In the early morning hours of April 7, 2013, Appellant was present at Vice Martini Lounge, a bar located at 528 East Lancaster Avenue in Shillington, Berks County. At some point during the evening, a friend of Appellant tried to exit the building with a drink in hand. The friend was angered when a security guard asked him to put the glass on top of a table near the front entrance. Appellant angrily “walked up on” the security guard and was “starting to give him some lip.” Another security guard escorted Appellant out of the establishment. Security guards demanded multiple times that Appellant leave the property. Police, already outside the building to conduct surveillance and to maintain order, informed Appellant that he would need to leave the premises or be at risk of trespassing. The officers repeated this instruction multiple times. Officer Duane Witman testified that Appellant drove away but quickly returned:

Q: And about how many times did you have to tell [Appellant] to leave?

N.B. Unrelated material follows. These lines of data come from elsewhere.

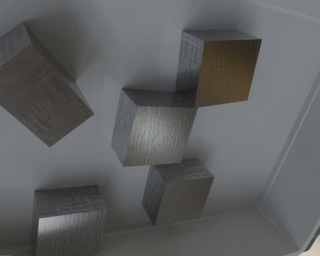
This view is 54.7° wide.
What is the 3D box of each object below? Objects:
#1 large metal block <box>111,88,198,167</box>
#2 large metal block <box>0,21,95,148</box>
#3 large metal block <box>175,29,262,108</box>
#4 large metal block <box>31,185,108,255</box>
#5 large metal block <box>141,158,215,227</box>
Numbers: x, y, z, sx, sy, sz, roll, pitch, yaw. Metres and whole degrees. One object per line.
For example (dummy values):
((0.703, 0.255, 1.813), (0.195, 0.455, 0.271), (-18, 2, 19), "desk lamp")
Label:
((-0.009, -0.001, 0.388), (0.081, 0.050, 0.079), (0, 119, -29), "large metal block")
((-0.114, -0.042, 0.285), (0.050, 0.080, 0.080), (-38, 130, -3), "large metal block")
((0.070, -0.076, 0.386), (0.081, 0.050, 0.079), (-9, 123, -24), "large metal block")
((-0.121, 0.125, 0.405), (0.081, 0.050, 0.079), (0, 119, -29), "large metal block")
((0.025, 0.095, 0.467), (0.081, 0.050, 0.079), (-2, 120, -28), "large metal block")

A: It was several. I escorted him to his vehicle, and he kept turning around. . . . He kept turning around to like go back, and I kept telling him, listen, just leave. It is not worth it. Go away. He walked over and got into a silver Nissan Altima. And I thought that was the end of it. But as I returned to the front of Vice Martini Lounge he drove his vehicle around me and got out of his car again. And this time he parked in front of the front doors.

Q: And then did you see the car leave?

A: Eventually it did leave. He got into his vehicle. Another black male got into the vehicle, the passenger’s side. He actually got out of the vehicle a second time, and I said I told you to leave. Now leave. And then the vehicle he got back in and the vehicle sped away.

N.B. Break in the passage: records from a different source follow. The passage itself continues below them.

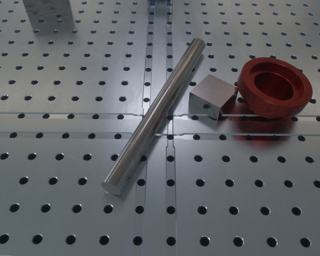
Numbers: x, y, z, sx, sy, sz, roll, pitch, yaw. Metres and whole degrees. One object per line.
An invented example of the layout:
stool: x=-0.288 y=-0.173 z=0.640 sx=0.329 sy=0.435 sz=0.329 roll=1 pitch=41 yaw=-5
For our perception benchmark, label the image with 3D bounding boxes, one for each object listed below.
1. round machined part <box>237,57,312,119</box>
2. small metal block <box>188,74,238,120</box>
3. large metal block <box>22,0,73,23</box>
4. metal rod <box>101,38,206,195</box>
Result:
round machined part: x=0.156 y=-0.052 z=0.435 sx=0.099 sy=0.042 sz=0.098 roll=5 pitch=51 yaw=-6
small metal block: x=0.077 y=-0.046 z=0.446 sx=0.050 sy=0.025 sz=0.050 roll=32 pitch=57 yaw=24
large metal block: x=-0.220 y=-0.255 z=0.604 sx=0.081 sy=0.050 sz=0.080 roll=-12 pitch=51 yaw=-10
metal rod: x=0.005 y=-0.037 z=0.438 sx=0.025 sy=0.025 sz=0.301 roll=19 pitch=52 yaw=15

This occurred around 2:00 am, the bar’s closing time.

That evening’s staff – eight to ten individuals – left the bar at approximately 2:15 a[.]m. The police were still outside but indicated that they had to leave because of another call. Within minutes of the police departing, Appellant pulled up in a silver Nissan Altima and parked perpendicularly across several parking spaces near the entrance of the bar. Appellant deactivated the

-2- J-S63014-14

vehicle’s lights and exited the vehicle, brandishing a handgun in his left hand – “walking up and waving it”. The bar’s staff ushered everyone present to the back of the bar. Appellant was recognized by staff as having been involved in the earlier incident, and also from his patronage of the bar on several previous occasions.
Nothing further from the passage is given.